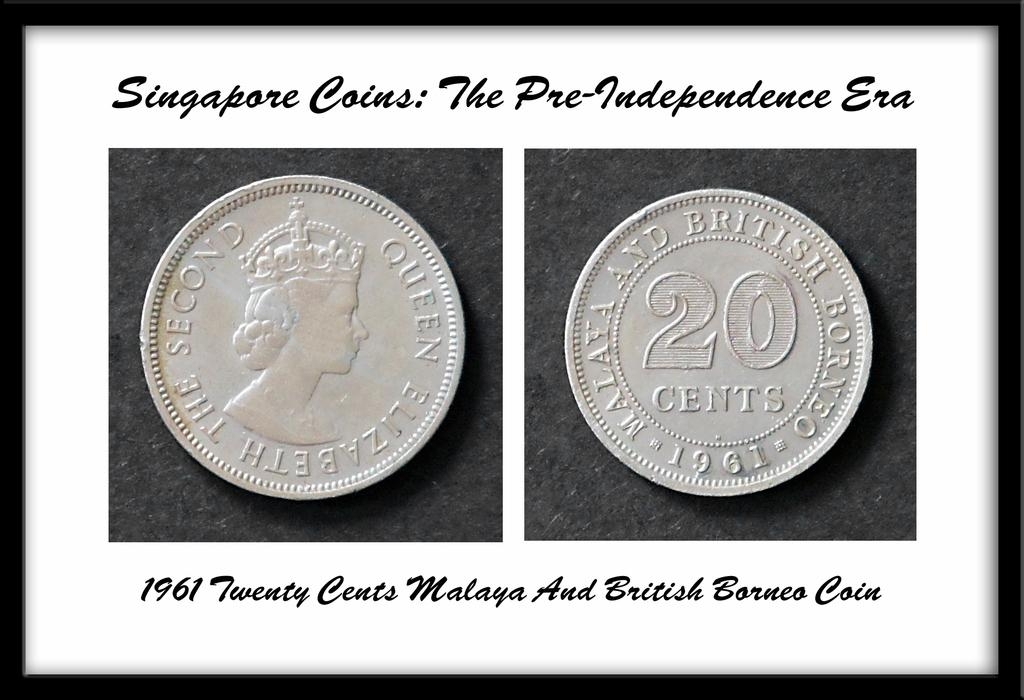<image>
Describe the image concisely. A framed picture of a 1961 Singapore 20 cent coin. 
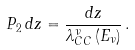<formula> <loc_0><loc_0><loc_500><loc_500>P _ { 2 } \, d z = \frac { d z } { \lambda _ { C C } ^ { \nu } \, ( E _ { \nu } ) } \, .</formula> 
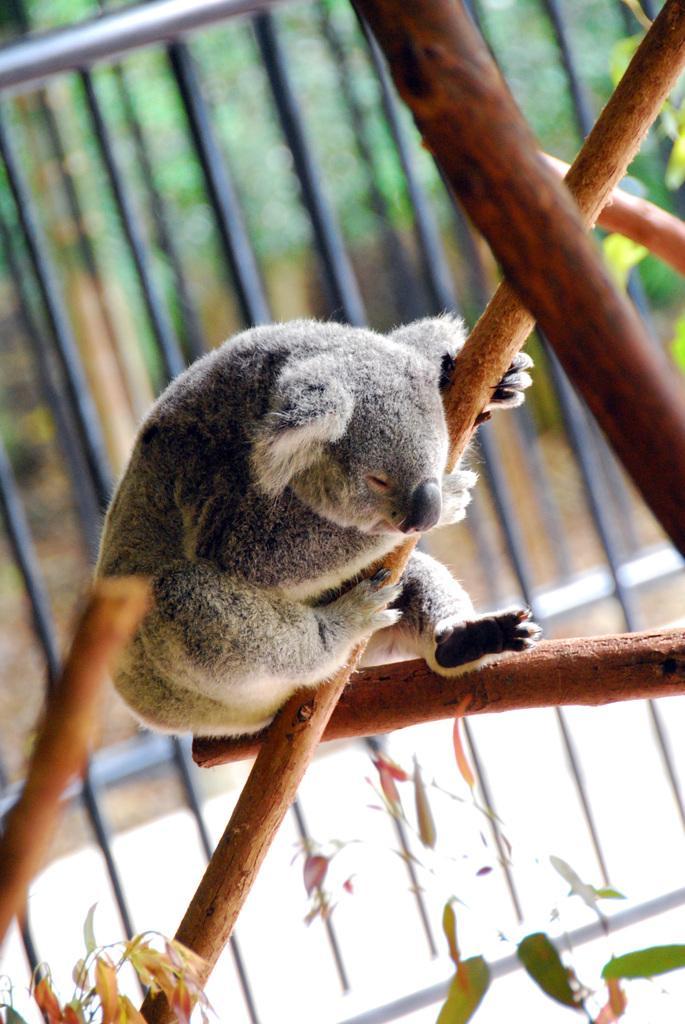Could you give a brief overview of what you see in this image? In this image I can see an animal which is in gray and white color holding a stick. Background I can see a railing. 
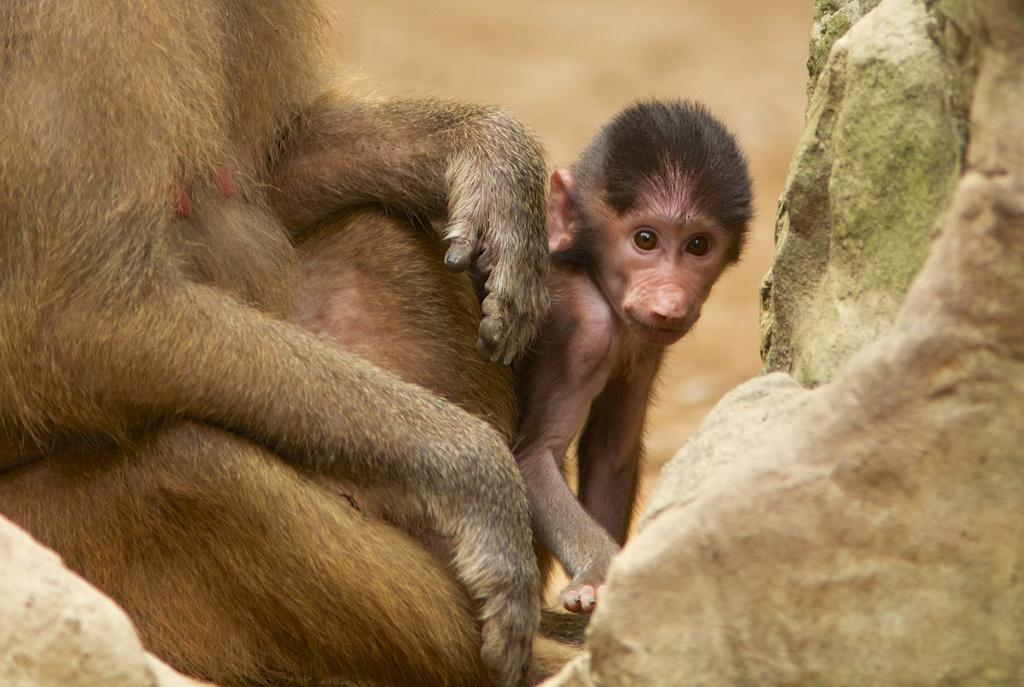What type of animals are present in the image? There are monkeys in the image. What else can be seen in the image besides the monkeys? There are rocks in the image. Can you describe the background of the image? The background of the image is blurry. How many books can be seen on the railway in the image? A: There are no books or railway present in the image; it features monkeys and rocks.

***

• [TASK GOAL] Above are entries with pictures among them. Write out exactly the lines from the one containing "Describe the image" through the one containing "Could you give", ends included, and leave those pictures out.

• [ANSWER AREA]
Describe the image concisely. A framed picture of a 1961 Singapore 20 cent coin. 
<formula> <loc_0><loc_0><loc_500><loc_500>P _ { 2 } \, d z = \frac { d z } { \lambda _ { C C } ^ { \nu } \, ( E _ { \nu } ) } \, .</formula> 
Could you give a brief overview of what you see in this image? In this image I can see an animal which is in gray and white color holding a stick. Background I can see a railing. 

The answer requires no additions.